⟨

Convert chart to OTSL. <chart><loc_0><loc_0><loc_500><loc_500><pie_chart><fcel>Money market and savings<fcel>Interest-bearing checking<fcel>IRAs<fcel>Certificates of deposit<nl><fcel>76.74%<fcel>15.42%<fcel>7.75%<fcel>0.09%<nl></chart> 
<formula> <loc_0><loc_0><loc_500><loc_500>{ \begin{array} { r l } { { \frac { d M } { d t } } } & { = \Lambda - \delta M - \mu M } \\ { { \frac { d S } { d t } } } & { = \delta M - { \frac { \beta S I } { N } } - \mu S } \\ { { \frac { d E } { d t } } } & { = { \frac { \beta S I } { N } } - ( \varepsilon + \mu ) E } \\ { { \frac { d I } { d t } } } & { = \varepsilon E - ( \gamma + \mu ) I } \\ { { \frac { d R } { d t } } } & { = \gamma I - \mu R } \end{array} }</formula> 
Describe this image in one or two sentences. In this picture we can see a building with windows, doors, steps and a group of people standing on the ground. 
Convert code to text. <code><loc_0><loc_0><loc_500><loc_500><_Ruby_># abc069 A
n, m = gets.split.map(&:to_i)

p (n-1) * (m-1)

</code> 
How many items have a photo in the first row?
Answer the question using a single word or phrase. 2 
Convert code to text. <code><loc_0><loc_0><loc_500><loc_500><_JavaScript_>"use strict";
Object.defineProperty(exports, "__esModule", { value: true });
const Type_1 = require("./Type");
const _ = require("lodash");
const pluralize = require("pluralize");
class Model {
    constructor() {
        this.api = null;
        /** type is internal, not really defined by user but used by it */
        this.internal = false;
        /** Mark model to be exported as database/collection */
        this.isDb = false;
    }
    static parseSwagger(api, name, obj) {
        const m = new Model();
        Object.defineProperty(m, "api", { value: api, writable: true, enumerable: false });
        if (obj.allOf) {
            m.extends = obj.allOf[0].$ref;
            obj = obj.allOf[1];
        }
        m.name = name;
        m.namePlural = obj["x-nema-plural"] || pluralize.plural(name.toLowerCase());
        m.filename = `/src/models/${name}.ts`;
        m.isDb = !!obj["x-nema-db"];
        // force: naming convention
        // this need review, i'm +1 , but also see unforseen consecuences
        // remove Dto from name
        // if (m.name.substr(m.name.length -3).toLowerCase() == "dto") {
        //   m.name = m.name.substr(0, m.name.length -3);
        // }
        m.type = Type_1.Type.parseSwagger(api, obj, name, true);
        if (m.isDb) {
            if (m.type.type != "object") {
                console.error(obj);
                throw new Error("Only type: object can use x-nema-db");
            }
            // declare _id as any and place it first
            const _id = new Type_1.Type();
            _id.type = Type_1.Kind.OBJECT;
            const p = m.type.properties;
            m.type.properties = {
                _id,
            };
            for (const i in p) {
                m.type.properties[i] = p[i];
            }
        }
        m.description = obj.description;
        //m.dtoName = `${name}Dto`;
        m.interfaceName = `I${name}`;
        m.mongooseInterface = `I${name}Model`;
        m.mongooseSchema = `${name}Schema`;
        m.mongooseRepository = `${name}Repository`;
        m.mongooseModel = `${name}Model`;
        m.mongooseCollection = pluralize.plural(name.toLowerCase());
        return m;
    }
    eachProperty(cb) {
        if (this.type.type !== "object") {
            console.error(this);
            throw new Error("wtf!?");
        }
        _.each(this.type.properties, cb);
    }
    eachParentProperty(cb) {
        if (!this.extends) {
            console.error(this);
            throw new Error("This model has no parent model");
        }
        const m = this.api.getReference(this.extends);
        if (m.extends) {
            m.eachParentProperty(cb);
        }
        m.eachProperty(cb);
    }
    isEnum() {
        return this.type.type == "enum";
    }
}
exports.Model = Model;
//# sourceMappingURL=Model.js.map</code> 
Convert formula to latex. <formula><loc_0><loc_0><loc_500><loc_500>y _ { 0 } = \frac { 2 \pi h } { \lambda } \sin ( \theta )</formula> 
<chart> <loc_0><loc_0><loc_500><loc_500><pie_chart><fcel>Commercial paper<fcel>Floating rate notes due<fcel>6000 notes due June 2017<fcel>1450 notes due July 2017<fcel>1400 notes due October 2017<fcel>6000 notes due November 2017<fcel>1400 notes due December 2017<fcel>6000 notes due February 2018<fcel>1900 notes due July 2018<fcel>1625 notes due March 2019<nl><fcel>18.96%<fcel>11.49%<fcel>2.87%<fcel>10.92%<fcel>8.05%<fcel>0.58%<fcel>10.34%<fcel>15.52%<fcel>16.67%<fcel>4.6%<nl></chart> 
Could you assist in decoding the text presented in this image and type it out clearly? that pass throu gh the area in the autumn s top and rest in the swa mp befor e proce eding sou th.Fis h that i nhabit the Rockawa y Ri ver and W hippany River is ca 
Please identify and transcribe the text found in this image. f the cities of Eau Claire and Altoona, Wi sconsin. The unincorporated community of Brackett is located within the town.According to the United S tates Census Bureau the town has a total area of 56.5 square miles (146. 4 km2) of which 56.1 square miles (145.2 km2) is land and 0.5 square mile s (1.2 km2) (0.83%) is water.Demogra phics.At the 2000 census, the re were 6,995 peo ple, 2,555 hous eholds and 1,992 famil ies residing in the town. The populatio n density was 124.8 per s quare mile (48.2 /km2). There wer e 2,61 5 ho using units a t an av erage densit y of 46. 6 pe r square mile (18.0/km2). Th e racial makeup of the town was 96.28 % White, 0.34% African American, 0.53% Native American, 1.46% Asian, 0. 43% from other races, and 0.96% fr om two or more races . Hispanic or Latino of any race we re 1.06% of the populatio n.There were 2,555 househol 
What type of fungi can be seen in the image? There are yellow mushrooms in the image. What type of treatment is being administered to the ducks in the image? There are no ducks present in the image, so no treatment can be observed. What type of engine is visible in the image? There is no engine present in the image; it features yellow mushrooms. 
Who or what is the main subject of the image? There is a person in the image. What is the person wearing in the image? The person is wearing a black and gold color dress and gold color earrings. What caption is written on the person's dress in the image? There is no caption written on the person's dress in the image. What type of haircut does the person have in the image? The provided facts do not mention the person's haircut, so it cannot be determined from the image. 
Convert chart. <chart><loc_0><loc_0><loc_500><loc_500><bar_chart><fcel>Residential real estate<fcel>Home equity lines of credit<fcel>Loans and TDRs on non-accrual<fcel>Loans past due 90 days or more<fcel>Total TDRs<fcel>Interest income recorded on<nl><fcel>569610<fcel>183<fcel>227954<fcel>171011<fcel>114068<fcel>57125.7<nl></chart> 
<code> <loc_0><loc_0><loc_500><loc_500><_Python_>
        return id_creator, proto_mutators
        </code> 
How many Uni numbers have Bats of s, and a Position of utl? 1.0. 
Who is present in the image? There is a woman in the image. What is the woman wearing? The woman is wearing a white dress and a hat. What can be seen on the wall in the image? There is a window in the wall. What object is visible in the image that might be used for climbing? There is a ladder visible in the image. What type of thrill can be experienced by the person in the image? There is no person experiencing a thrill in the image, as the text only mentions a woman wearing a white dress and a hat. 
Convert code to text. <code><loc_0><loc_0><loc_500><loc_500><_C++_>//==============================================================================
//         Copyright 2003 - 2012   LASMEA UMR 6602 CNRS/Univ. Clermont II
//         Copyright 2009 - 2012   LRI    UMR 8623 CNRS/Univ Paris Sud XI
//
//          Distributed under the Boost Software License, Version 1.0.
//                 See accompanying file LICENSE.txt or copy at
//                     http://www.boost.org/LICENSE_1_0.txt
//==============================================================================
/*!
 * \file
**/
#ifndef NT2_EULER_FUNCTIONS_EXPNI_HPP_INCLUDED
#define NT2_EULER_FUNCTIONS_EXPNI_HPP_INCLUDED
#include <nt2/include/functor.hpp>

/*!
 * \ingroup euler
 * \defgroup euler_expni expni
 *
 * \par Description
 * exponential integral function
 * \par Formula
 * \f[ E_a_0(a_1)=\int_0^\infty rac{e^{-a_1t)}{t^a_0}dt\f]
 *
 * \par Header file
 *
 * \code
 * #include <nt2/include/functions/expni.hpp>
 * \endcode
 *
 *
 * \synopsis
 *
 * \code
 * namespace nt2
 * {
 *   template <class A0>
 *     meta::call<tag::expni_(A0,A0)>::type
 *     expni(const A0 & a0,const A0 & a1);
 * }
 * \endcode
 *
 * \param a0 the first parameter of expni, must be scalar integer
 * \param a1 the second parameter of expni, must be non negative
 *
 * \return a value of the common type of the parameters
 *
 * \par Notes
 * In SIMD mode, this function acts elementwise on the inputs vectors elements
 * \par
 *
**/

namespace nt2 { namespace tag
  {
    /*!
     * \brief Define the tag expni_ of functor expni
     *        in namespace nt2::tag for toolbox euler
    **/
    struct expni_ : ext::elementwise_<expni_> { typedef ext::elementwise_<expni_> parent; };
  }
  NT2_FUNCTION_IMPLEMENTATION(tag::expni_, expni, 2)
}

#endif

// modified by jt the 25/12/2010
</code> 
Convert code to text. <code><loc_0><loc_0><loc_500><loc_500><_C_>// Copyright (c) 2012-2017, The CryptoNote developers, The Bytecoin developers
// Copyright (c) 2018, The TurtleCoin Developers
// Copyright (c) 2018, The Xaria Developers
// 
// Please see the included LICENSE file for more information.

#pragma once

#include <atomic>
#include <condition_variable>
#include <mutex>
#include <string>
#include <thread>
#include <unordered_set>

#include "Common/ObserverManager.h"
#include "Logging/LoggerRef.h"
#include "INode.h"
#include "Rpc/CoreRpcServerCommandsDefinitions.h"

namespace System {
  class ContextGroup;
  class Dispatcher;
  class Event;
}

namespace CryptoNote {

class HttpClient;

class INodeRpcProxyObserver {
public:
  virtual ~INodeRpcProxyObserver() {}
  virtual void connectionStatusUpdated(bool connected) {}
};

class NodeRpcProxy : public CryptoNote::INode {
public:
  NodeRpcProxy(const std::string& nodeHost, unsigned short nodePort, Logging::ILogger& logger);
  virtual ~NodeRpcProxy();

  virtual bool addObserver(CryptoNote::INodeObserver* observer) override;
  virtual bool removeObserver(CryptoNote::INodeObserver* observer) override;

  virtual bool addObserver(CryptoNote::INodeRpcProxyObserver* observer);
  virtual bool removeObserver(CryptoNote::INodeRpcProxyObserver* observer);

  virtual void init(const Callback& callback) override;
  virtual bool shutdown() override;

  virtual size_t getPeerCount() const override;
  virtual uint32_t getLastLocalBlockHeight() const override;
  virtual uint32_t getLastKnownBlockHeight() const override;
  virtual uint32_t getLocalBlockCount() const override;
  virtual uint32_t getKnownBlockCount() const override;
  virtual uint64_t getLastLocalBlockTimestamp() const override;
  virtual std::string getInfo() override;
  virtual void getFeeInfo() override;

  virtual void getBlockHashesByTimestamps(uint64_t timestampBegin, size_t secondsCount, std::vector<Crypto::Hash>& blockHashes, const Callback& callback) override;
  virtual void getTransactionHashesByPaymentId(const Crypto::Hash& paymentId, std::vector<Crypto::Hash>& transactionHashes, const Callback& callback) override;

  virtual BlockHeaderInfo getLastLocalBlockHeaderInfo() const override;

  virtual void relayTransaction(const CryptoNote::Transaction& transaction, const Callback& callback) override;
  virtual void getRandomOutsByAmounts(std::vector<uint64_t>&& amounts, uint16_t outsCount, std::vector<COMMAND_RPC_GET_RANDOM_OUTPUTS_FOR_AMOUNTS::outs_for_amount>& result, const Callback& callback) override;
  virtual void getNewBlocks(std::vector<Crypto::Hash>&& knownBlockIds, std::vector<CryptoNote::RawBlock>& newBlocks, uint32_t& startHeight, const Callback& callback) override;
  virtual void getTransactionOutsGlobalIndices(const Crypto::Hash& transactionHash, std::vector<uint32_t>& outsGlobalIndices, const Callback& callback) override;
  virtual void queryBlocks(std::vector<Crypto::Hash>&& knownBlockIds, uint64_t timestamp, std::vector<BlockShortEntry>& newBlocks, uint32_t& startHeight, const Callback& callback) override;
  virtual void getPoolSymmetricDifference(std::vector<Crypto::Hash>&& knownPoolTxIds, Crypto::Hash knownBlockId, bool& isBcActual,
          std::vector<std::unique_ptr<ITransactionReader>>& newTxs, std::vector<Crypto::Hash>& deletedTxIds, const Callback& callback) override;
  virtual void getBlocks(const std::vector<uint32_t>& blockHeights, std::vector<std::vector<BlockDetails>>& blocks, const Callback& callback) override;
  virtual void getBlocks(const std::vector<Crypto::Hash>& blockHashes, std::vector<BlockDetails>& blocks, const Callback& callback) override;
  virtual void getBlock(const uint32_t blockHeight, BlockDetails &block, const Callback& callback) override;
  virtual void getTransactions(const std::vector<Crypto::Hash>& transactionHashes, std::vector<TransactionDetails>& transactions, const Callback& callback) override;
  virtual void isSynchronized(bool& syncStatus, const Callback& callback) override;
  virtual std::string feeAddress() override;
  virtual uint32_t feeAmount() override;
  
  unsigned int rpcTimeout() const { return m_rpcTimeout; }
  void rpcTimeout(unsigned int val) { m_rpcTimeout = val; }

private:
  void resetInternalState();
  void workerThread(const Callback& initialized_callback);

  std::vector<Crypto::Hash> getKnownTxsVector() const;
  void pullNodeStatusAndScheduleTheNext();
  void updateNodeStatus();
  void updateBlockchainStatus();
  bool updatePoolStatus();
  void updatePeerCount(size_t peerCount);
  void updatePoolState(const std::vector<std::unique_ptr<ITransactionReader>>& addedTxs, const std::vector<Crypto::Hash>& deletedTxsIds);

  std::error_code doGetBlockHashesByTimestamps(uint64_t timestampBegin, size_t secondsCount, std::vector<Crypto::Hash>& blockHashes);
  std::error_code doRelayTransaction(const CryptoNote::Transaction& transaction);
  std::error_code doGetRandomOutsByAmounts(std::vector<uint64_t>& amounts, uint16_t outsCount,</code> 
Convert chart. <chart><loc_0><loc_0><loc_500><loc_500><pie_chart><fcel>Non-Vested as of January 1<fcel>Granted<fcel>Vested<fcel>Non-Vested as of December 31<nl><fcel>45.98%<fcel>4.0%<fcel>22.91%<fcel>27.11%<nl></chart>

⟩

* TO DO
From the data above, output only the lines between the line containing "virtual void getNewBlocks(std::vector<Crypto::Hash>&&" and the line containing "virtual void getTransactionOutsGlobalIndices(const", inclusive, exactly as written.

* SOLUTION TO THIS PROBLEM
  virtual void getNewBlocks(std::vector<Crypto::Hash>&& knownBlockIds, std::vector<CryptoNote::RawBlock>& newBlocks, uint32_t& startHeight, const Callback& callback) override;
  virtual void getTransactionOutsGlobalIndices(const Crypto::Hash& transactionHash, std::vector<uint32_t>& outsGlobalIndices, const Callback& callback) override;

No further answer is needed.